Is it time to switch to doxycycline from azithromycin for treating genital chlamydial infections in women? Modelling the impact of autoinoculation from the gastrointestinal tract to the genital tract

  • 1,
  • 2,
  • 3,
  • 2,
  • 3,
  • 1 and
  • 1, 4Email author
BMC Infectious Diseases201515:200

https://doi.org/10.1186/s12879-015-0939-3

©  Craig et al.; licensee BioMed Central. 2015

  • Received: 14 January 2015
  • Accepted: 23 April 2015
  • Published:
Open Peer Review reports

Abstract

Background

Single-dose azithromycin is recommended over multi-dose doxycycline as treatment for chlamydial infection. However, even with imperfect adherence, doxycycline is more effective in treating genital and rectal infection. Recently, it has been suggested that autoinoculation from the rectum to the genitals may be a source of persistent chlamydial infection in women. We estimated the impact autoinoculation may have on azithromycin and doxycycline effectiveness.

Methods

We estimate treatment effectiveness using a simple mathematical model, incorporating data on azithromycin and doxycycline efficacy from recent meta-analyses, and data on prevalence of rectal infection in women with genital chlamydial infection.

Results

When the possibility of autoinoculation is taken into account, we calculate that doxycycline effectiveness may be 97% compared to just 82% for azithromycin.

Conclusions

Consideration should be given to re-evaluating azithromycin as the standard treatment for genital chlamydia in women.

Keywords

  • Chlamydia
  • Azithromycin
  • Doxycycline
  • Re-infection

Background

Single-dose azithromycin has been recommended over a week-long doxycycline course as treatment for genital chlamydial infection, primarily because of concern about lack of adherence for the longer doxycycline course. However, the assumed superiority of azithromycin has been questioned [1]. In 2002, a meta-analysis concluded that azithromycin and doxycycline were equally efficacious in treating urogenital chlamydial infection (with efficacies of 97% and 98% respectively) [2], but a 2014 meta-analysis found a greater disparity, with efficacies of 94.3% for azithromycin and 97.1% for doxycycline [3]. For rectal infection, the difference may be greater: another systematic review estimated treatment efficacies of 82.9% for azithromycin and 99.6% for doxycycline [4], with different delivery mechanisms being suggested as a possible reason for the difference [5]. Additionally, background use of tetracyclines but not macrolides has been found to be associated with lower chlamydia prevalence [6].

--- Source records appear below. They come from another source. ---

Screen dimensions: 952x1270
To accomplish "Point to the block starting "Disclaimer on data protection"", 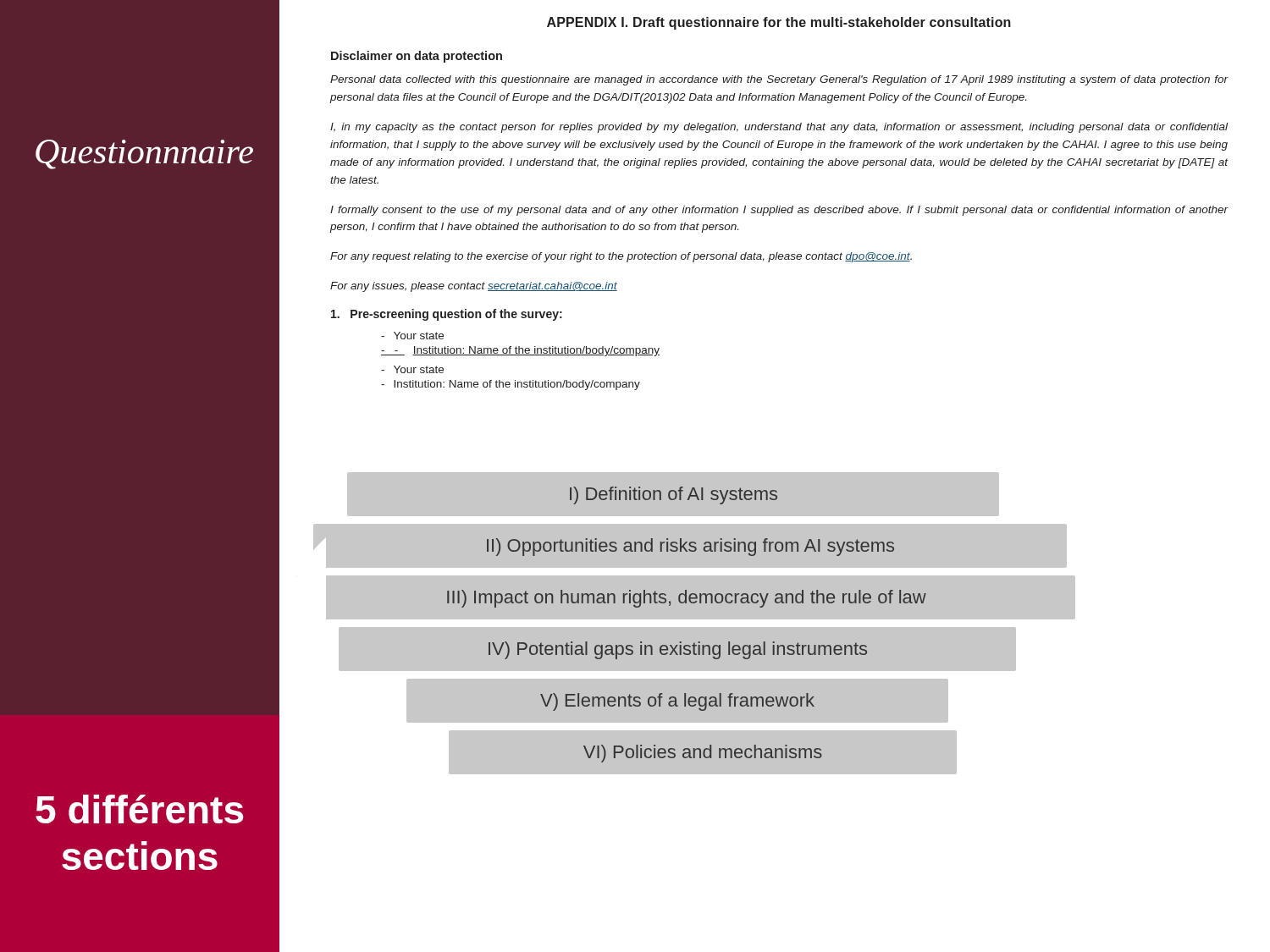I will point(416,56).
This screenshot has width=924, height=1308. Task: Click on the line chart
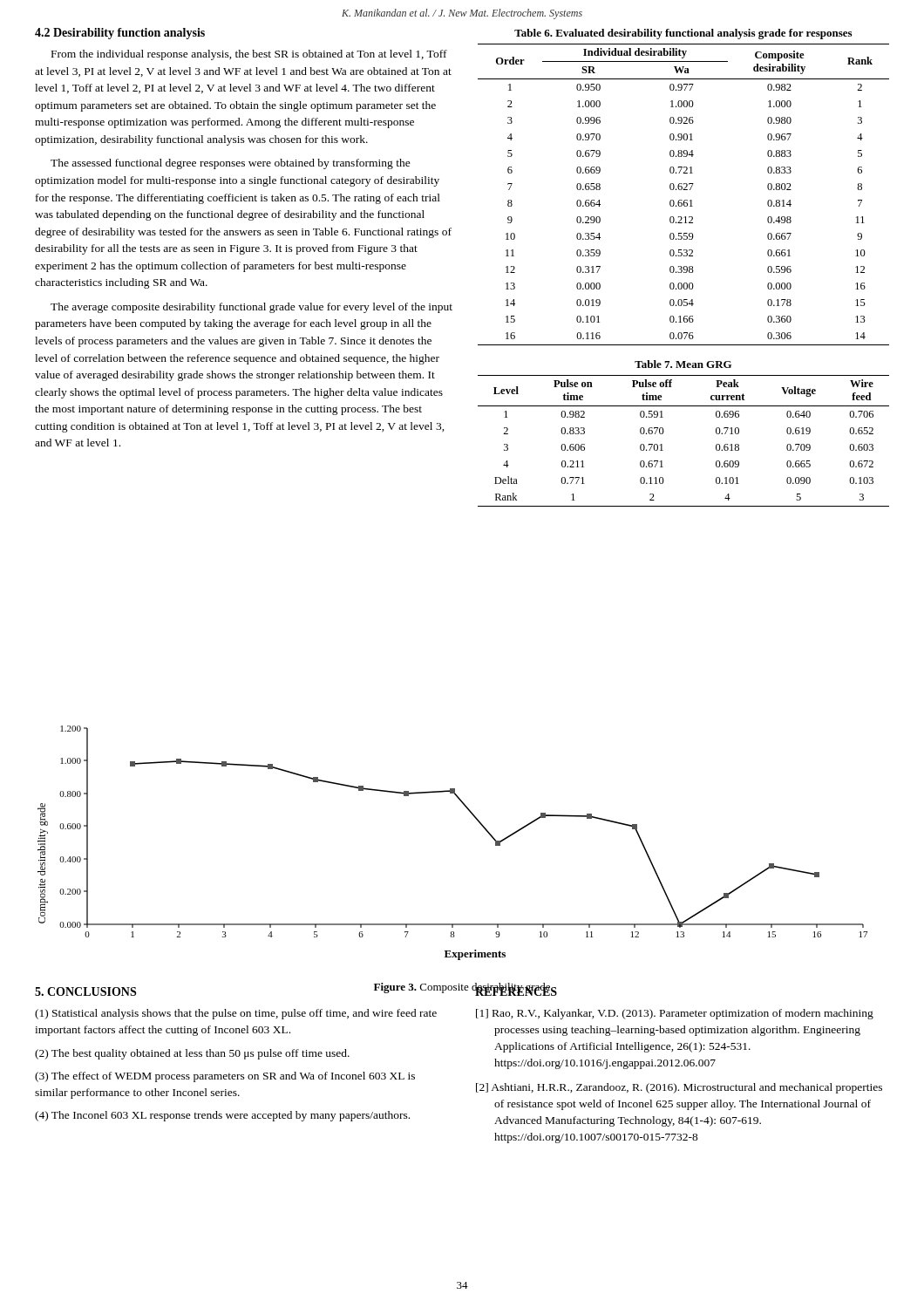(462, 843)
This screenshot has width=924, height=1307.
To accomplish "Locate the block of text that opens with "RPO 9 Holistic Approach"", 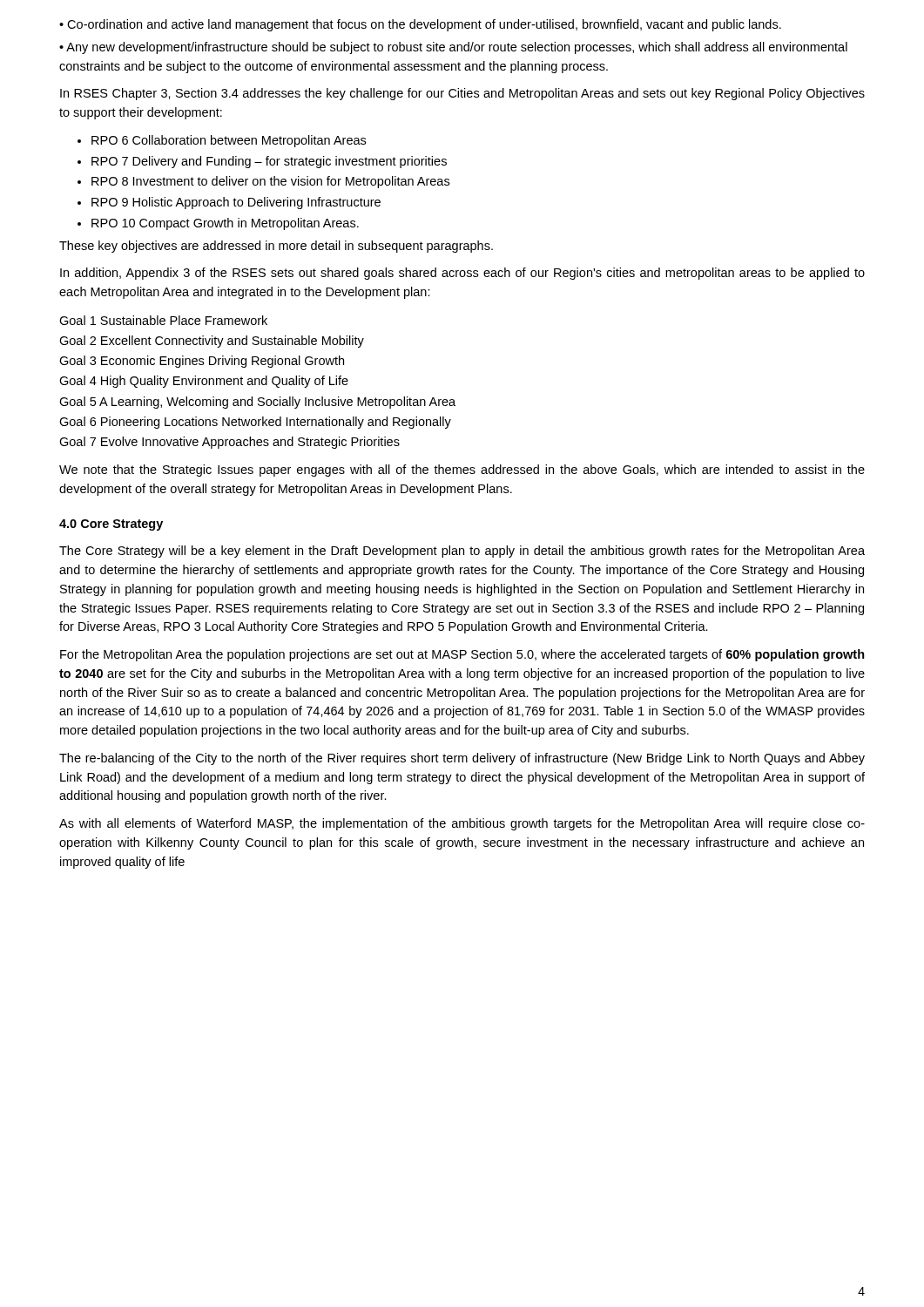I will pyautogui.click(x=236, y=202).
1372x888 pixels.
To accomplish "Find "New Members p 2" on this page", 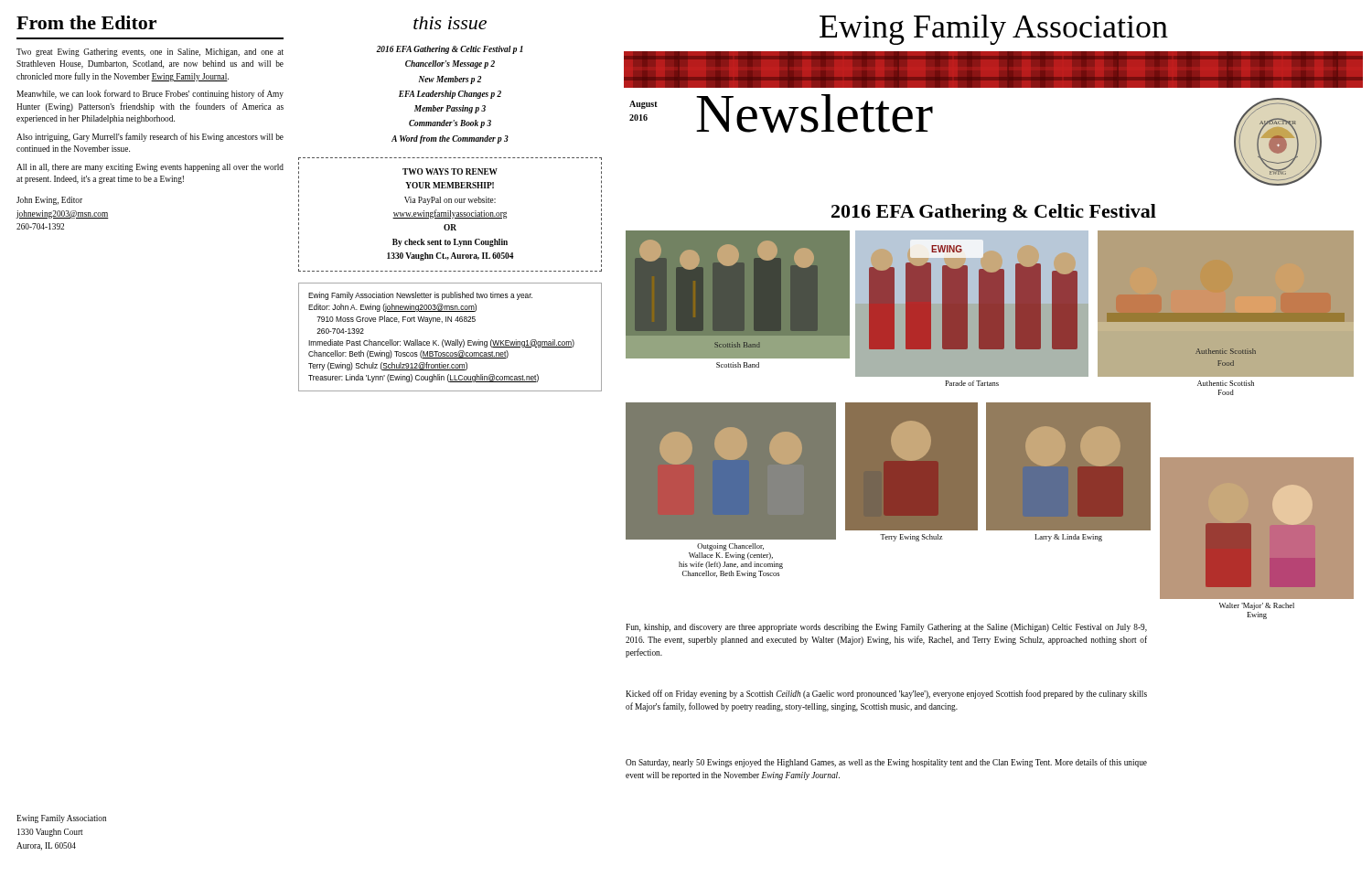I will (x=450, y=79).

It has recently been proposed that autoinoculation (the inoculation of a site with infective bodies from another site on the same individual) of chlamydia from the gastrointestinal (GI) tract to the genital tract is possible in women, and that the GI tract may be a niche for persistent infection [7-9]. Mice orally infected with chlamydia develop genital infections [10], similar to Escherichia coli urinary tract infections that occur in women as a result of faecal contamination, and rectal-vaginal autoinoculation is suspected to occur in infants [11]. It is at least theoretically possible, if not likely, that chlamydiae in the GI tract that have survived treatment with antibiotics may re-infect the genital tract in humans. Persistent infection or repeat infections in women are very common, with estimates of up to 29.9% among women reported [12], and are of concern because of the increased risk of pelvic inflammatory disease with repeat infection. If there is a substantial difference in the efficacy of doxycycline and azithromycin in resolving GI/rectal infection, and autoinoculation is a possibility, this may be further cause for reconsidering azithromycin as the preferred treatment for genital chlamydial infection.

We perform a simple calculation to estimate the probability that a woman with a genital chlamydial infection, treated with either azithromycin or doxycycline, remains chlamydia-free when the possibility of autoinoculation is considered. At present there are no estimates of the probability of autoinoculation from rectum to genital tract, so we consider the full range of probabilities from zero (autoinoculation never occurs) to one (autoinoculation always occurs). We consider two scenarios: the case of a woman known to be genitally infected but who has not been tested for rectal infection (as is usual practice), and the case of a woman known to have both genital and rectal infection.

Methods

We use the random effects estimates of the efficacy of azithromycin and doxycycline from two recent systematic reviews: 94.3% for azithromycin and 97.1% for doxycycline against genital chlamydial infection [3], and 82.9% for azithromycin and 99.6% for doxycycline against rectal infection [4]. A subgroup analysis of just those studies that did not measure doxycycline compliance (and that therefore did not exclude any subjects based on low compliance levels) found a very similar random effects pooled estimate for difference in treatment efficacy to the estimate when all studies were included (1.4% and 1.5% respectively) [3], suggesting that these values are sufficiently close to real-world ‘use-effectiveness’ for the purposes of our study.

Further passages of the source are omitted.